Now, let's see what those four buttons do.
Add a new paragraph
Suppose we have the following alignment:
You can see that the paragraph with the date is absent in the target language. You can fix that by adding a new paragraph below the first paragraph in the target language column. You add a new paragraph by clicking the green button in the cell above the insertion place. This will create a new cell with an editable text "<Add text here.>".
Then you edit the text as shown before and you're done.
Delete an existing paragraph
In some cases the alignment generates useless paragraphs, which you would rather delete.
To do that, click the second button (the red one). The buttons will change into a confirmation dialog:
If you press "Cancel", nothing will happen. If you press "Delete", the respective paragraph will be deleted:
Merging two paragraphs
In some cases two paragraphs should be combined into one paragraph. To do that, use the purple button in the first paragraph.
You are asked to confirm the action.
If you click "Cancel", nothing happens. If you click "Merge", the two paragraphs will be combined.
Splitting a paragraph
You may also need to split large paragraphs like in the following example.
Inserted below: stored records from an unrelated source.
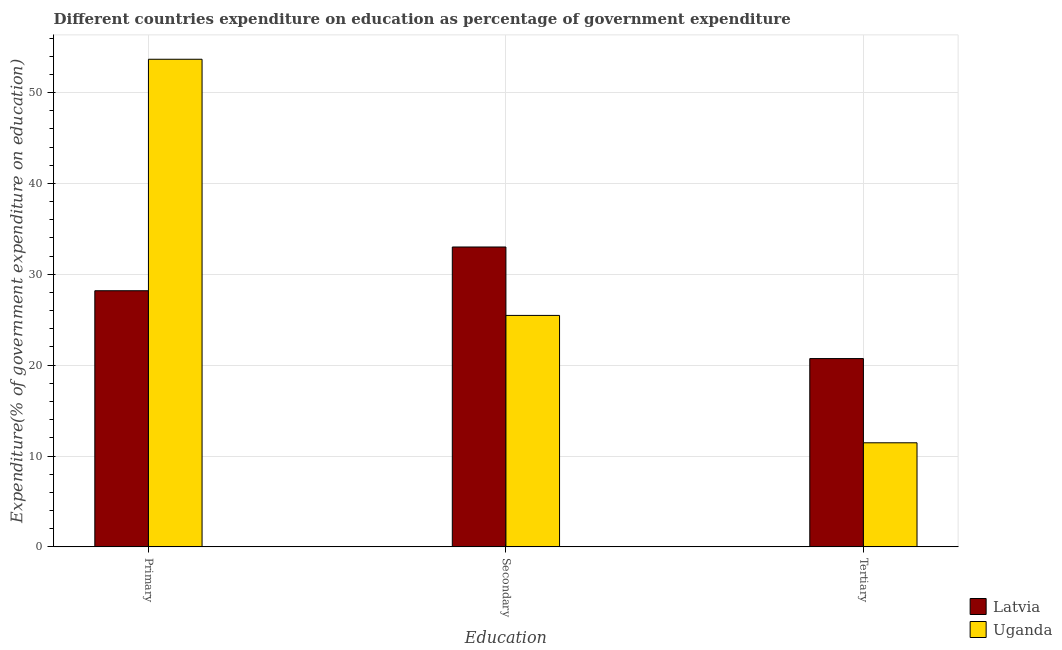Are the number of bars per tick equal to the number of legend labels?
Provide a short and direct response. Yes. Are the number of bars on each tick of the X-axis equal?
Your answer should be very brief. Yes. What is the label of the 3rd group of bars from the left?
Your answer should be compact. Tertiary. What is the expenditure on primary education in Latvia?
Offer a very short reply. 28.19. Across all countries, what is the maximum expenditure on secondary education?
Your response must be concise. 33. Across all countries, what is the minimum expenditure on tertiary education?
Your response must be concise. 11.45. In which country was the expenditure on secondary education maximum?
Provide a succinct answer. Latvia. In which country was the expenditure on secondary education minimum?
Provide a succinct answer. Uganda. What is the total expenditure on primary education in the graph?
Your answer should be compact. 81.86. What is the difference between the expenditure on tertiary education in Uganda and that in Latvia?
Make the answer very short. -9.27. What is the difference between the expenditure on primary education in Latvia and the expenditure on tertiary education in Uganda?
Ensure brevity in your answer.  16.74. What is the average expenditure on tertiary education per country?
Offer a terse response. 16.09. What is the difference between the expenditure on secondary education and expenditure on tertiary education in Uganda?
Your response must be concise. 14.02. In how many countries, is the expenditure on secondary education greater than 16 %?
Offer a very short reply. 2. What is the ratio of the expenditure on primary education in Latvia to that in Uganda?
Ensure brevity in your answer.  0.53. What is the difference between the highest and the second highest expenditure on primary education?
Offer a very short reply. 25.48. What is the difference between the highest and the lowest expenditure on tertiary education?
Give a very brief answer. 9.27. In how many countries, is the expenditure on tertiary education greater than the average expenditure on tertiary education taken over all countries?
Make the answer very short. 1. What does the 1st bar from the left in Secondary represents?
Keep it short and to the point. Latvia. What does the 1st bar from the right in Secondary represents?
Offer a very short reply. Uganda. Is it the case that in every country, the sum of the expenditure on primary education and expenditure on secondary education is greater than the expenditure on tertiary education?
Ensure brevity in your answer.  Yes. How many bars are there?
Provide a succinct answer. 6. Are all the bars in the graph horizontal?
Your answer should be compact. No. What is the difference between two consecutive major ticks on the Y-axis?
Your answer should be compact. 10. Are the values on the major ticks of Y-axis written in scientific E-notation?
Keep it short and to the point. No. Does the graph contain grids?
Give a very brief answer. Yes. How many legend labels are there?
Your answer should be compact. 2. How are the legend labels stacked?
Offer a very short reply. Vertical. What is the title of the graph?
Your answer should be compact. Different countries expenditure on education as percentage of government expenditure. Does "St. Martin (French part)" appear as one of the legend labels in the graph?
Keep it short and to the point. No. What is the label or title of the X-axis?
Your answer should be compact. Education. What is the label or title of the Y-axis?
Make the answer very short. Expenditure(% of government expenditure on education). What is the Expenditure(% of government expenditure on education) in Latvia in Primary?
Offer a very short reply. 28.19. What is the Expenditure(% of government expenditure on education) of Uganda in Primary?
Give a very brief answer. 53.67. What is the Expenditure(% of government expenditure on education) of Latvia in Secondary?
Give a very brief answer. 33. What is the Expenditure(% of government expenditure on education) in Uganda in Secondary?
Offer a very short reply. 25.47. What is the Expenditure(% of government expenditure on education) in Latvia in Tertiary?
Offer a terse response. 20.72. What is the Expenditure(% of government expenditure on education) of Uganda in Tertiary?
Provide a short and direct response. 11.45. Across all Education, what is the maximum Expenditure(% of government expenditure on education) in Latvia?
Keep it short and to the point. 33. Across all Education, what is the maximum Expenditure(% of government expenditure on education) of Uganda?
Offer a terse response. 53.67. Across all Education, what is the minimum Expenditure(% of government expenditure on education) in Latvia?
Provide a short and direct response. 20.72. Across all Education, what is the minimum Expenditure(% of government expenditure on education) of Uganda?
Give a very brief answer. 11.45. What is the total Expenditure(% of government expenditure on education) in Latvia in the graph?
Ensure brevity in your answer.  81.92. What is the total Expenditure(% of government expenditure on education) in Uganda in the graph?
Your response must be concise. 90.6. What is the difference between the Expenditure(% of government expenditure on education) of Latvia in Primary and that in Secondary?
Offer a very short reply. -4.81. What is the difference between the Expenditure(% of government expenditure on education) of Uganda in Primary and that in Secondary?
Your response must be concise. 28.2. What is the difference between the Expenditure(% of government expenditure on education) in Latvia in Primary and that in Tertiary?
Provide a short and direct response. 7.47. What is the difference between the Expenditure(% of government expenditure on education) in Uganda in Primary and that in Tertiary?
Offer a terse response. 42.21. What is the difference between the Expenditure(% of government expenditure on education) of Latvia in Secondary and that in Tertiary?
Keep it short and to the point. 12.28. What is the difference between the Expenditure(% of government expenditure on education) of Uganda in Secondary and that in Tertiary?
Make the answer very short. 14.02. What is the difference between the Expenditure(% of government expenditure on education) in Latvia in Primary and the Expenditure(% of government expenditure on education) in Uganda in Secondary?
Offer a very short reply. 2.72. What is the difference between the Expenditure(% of government expenditure on education) in Latvia in Primary and the Expenditure(% of government expenditure on education) in Uganda in Tertiary?
Offer a very short reply. 16.74. What is the difference between the Expenditure(% of government expenditure on education) in Latvia in Secondary and the Expenditure(% of government expenditure on education) in Uganda in Tertiary?
Provide a short and direct response. 21.55. What is the average Expenditure(% of government expenditure on education) of Latvia per Education?
Your answer should be compact. 27.31. What is the average Expenditure(% of government expenditure on education) in Uganda per Education?
Keep it short and to the point. 30.2. What is the difference between the Expenditure(% of government expenditure on education) in Latvia and Expenditure(% of government expenditure on education) in Uganda in Primary?
Ensure brevity in your answer.  -25.48. What is the difference between the Expenditure(% of government expenditure on education) of Latvia and Expenditure(% of government expenditure on education) of Uganda in Secondary?
Your response must be concise. 7.53. What is the difference between the Expenditure(% of government expenditure on education) in Latvia and Expenditure(% of government expenditure on education) in Uganda in Tertiary?
Offer a terse response. 9.27. What is the ratio of the Expenditure(% of government expenditure on education) in Latvia in Primary to that in Secondary?
Your answer should be very brief. 0.85. What is the ratio of the Expenditure(% of government expenditure on education) of Uganda in Primary to that in Secondary?
Your response must be concise. 2.11. What is the ratio of the Expenditure(% of government expenditure on education) in Latvia in Primary to that in Tertiary?
Your response must be concise. 1.36. What is the ratio of the Expenditure(% of government expenditure on education) of Uganda in Primary to that in Tertiary?
Provide a short and direct response. 4.69. What is the ratio of the Expenditure(% of government expenditure on education) of Latvia in Secondary to that in Tertiary?
Your answer should be very brief. 1.59. What is the ratio of the Expenditure(% of government expenditure on education) in Uganda in Secondary to that in Tertiary?
Your response must be concise. 2.22. What is the difference between the highest and the second highest Expenditure(% of government expenditure on education) of Latvia?
Your answer should be very brief. 4.81. What is the difference between the highest and the second highest Expenditure(% of government expenditure on education) in Uganda?
Provide a succinct answer. 28.2. What is the difference between the highest and the lowest Expenditure(% of government expenditure on education) of Latvia?
Offer a terse response. 12.28. What is the difference between the highest and the lowest Expenditure(% of government expenditure on education) in Uganda?
Your answer should be compact. 42.21.

The first source language paragraph actually contains two separate sentences and we need to split it in order to align the text with the target language text. To do that, we use the orange button. We click it once to expand the cell and see the entire text. You'll see that the button changes too.
Now use your mouse to click wherever you want to split the cell into two separate cells. You would probably split the paragraphs between the words "alike." and "Coordination". After clicking between those words, you get the following outcome:
Now the texts are aligned.
If, for some reason, you change your mind before actually splitting the text, click again the "Split" button and everything returns to the previous state. If you change your mind after splitting the paragraph, use the "Merge" button to combine it back.
Saving the alignment
You have checked the alignment and everything seems to be OK. Now you can save your alignment in the TMX format by clicking on the big button at the end of the table.
The "Save alignment" button works only if the number of paragraphs in each column is equal. Otherwise, you'll get a message telling you to complete the alignment before trying to export it.
Also, don't forget that you can save an intermediate version of your alignment in progress, using the blue "Save and continue later" button at the top of the page.
Do NOT close or refresh/reload the alignment file without saving it with first, because you would lose everything you worked. Actually, you will get a warning if you try to do that.